Rosemarie has long been a Playboy fan (though a copy of Playboy costs $1.20 in the United Kingdom, it’s still the largest-selling American magazine there) and Playboy’s popularity on the Exeter campus further kindled her long-cherished dreams of becoming a gatefold girl. “I knew I had the wherewithal to be a Playmate,” Rosemarie later told us, “but I was hesitant to travel all the way to America, because I was afraid I might not even get an interview.” With some urging from school chums, however, Rosemarie decided to visit the United States during her summer vacation — with a scheduled stop at Playboy’s home base in the Windy City.

Thus it was that one afternoon in the summer of 1963 she appeared on the marble doorstep of The Playboy Mansion, on Chicago’s Near North Side, requesting to see Editor-Publisher Hugh M. Hefner, who happened to be at home that afternoon.

She was shown in. Understandaby impressed, Hef arranged Playmate test shots, the results of which were, as the British might understate, a bit of all right; so much so that a few months after Rosemarie had returned to England, we arranged to fly her back to the U.S. (between semesters) to pose for her official Playmate photos in the Playboy Studio. Rosemarie was so taken with America and with the Playboy world that she plans to come back after graduation to work as a Playboy Club Bunny.

As far as we know, when she dons her satin ears she’ll be the first Bunny-aristocrat: Her ancestry, which traces back to the England of William the Conqueror, entitles her to a coat of arms. Her intellectual escutcheon is equally prepossessing: She reads deeply in the works of such British novelists as Anthony Trollope, George Eliot and Jane Austen. But her abiding interest is economics, a subject in which she will soon hold a bachelor’s degree. A disciple of the British economist John Maynard Keynes, Rosemarie thinks that America’s economy should be more closely planned, says she believes the late J.F.K.’s greatest domestic achievement was consciously applying deficit spending to boost prosperity. Our 5’6″ Miss October is also an accomplished equestrienne and first-rate swordswoman.

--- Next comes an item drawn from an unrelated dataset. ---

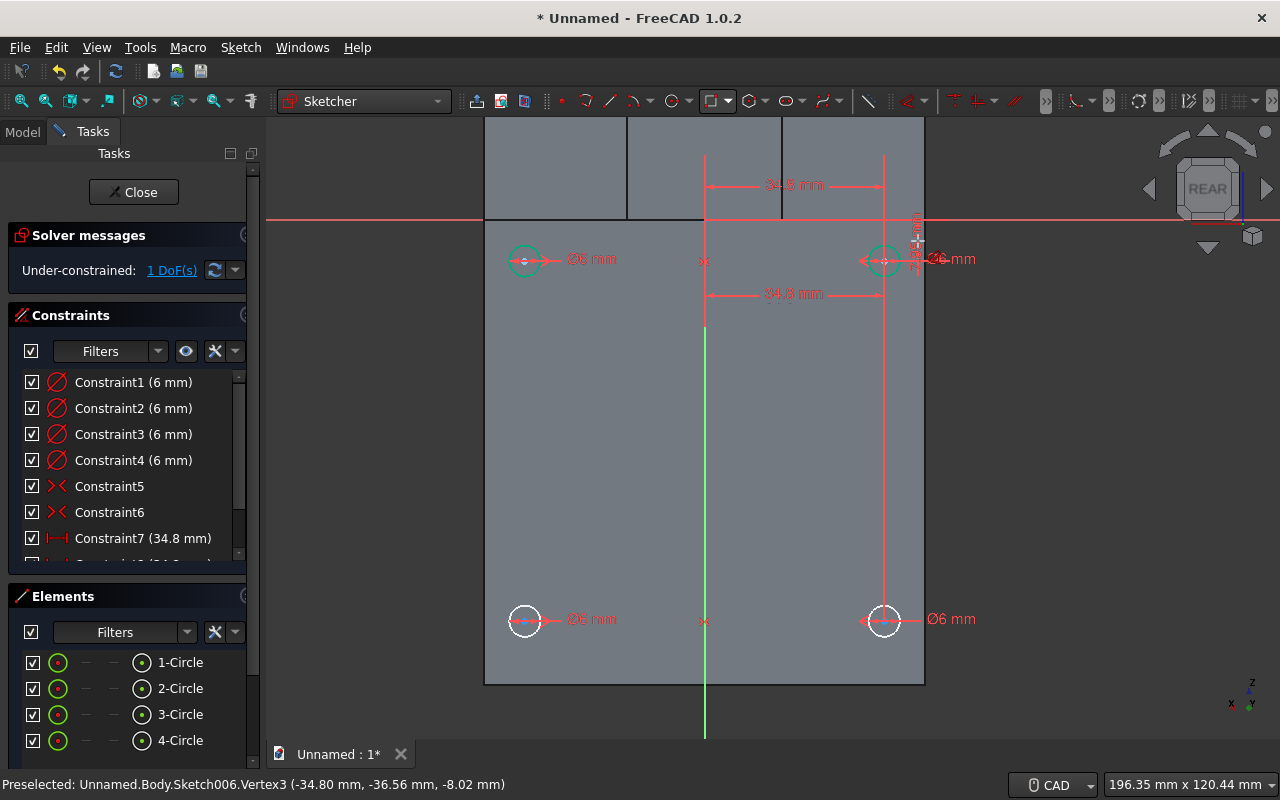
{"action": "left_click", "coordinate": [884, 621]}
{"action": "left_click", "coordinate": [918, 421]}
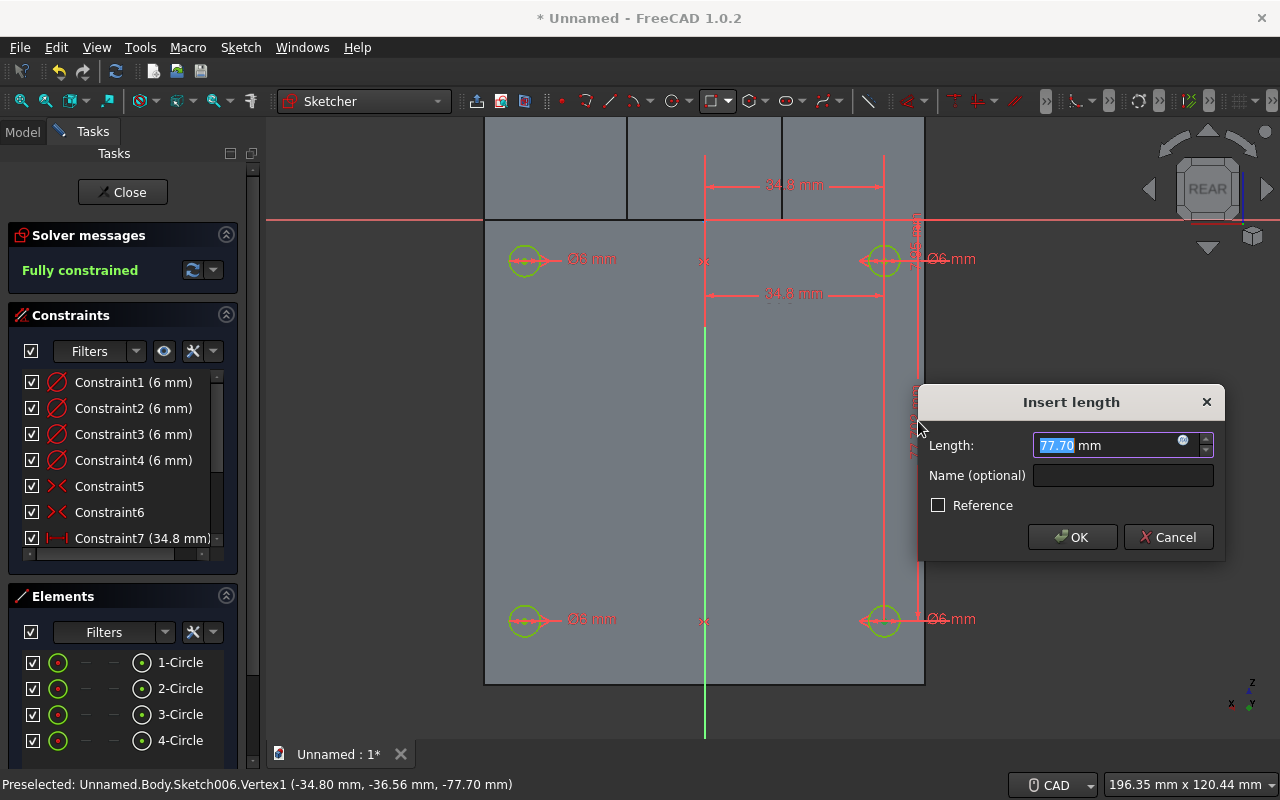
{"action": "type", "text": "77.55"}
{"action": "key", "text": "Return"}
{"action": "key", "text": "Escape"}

Except for TW3, she finds television “a terrible bore, which I blamed on Britain until my first visit to America, when I learned that the only thing worse than British television is American television.” She also can’t tolerate the Beatles or their fans, reserves special contempt for affected men. But she’s not hypercritical, she avers: She digs show horses, showbiz folks, sunshine, rose-period Picasso, athletes, progressive jazz and masterful men.

“Though deep down I’m a sensible girl, I’m sometimes rather too spontaneous for my own good,” she admits candidly. “Which explains why I do outrageous things, like coming to America — that have wonderful results, like becoming a Playmate.” The wonderful result of Rosemarie’s spontaneity is — in this instance — undeniable; skeptics can refer to the gatefold for additional evidence, and for further insights into our beauteous and bounteous bundle from Britain.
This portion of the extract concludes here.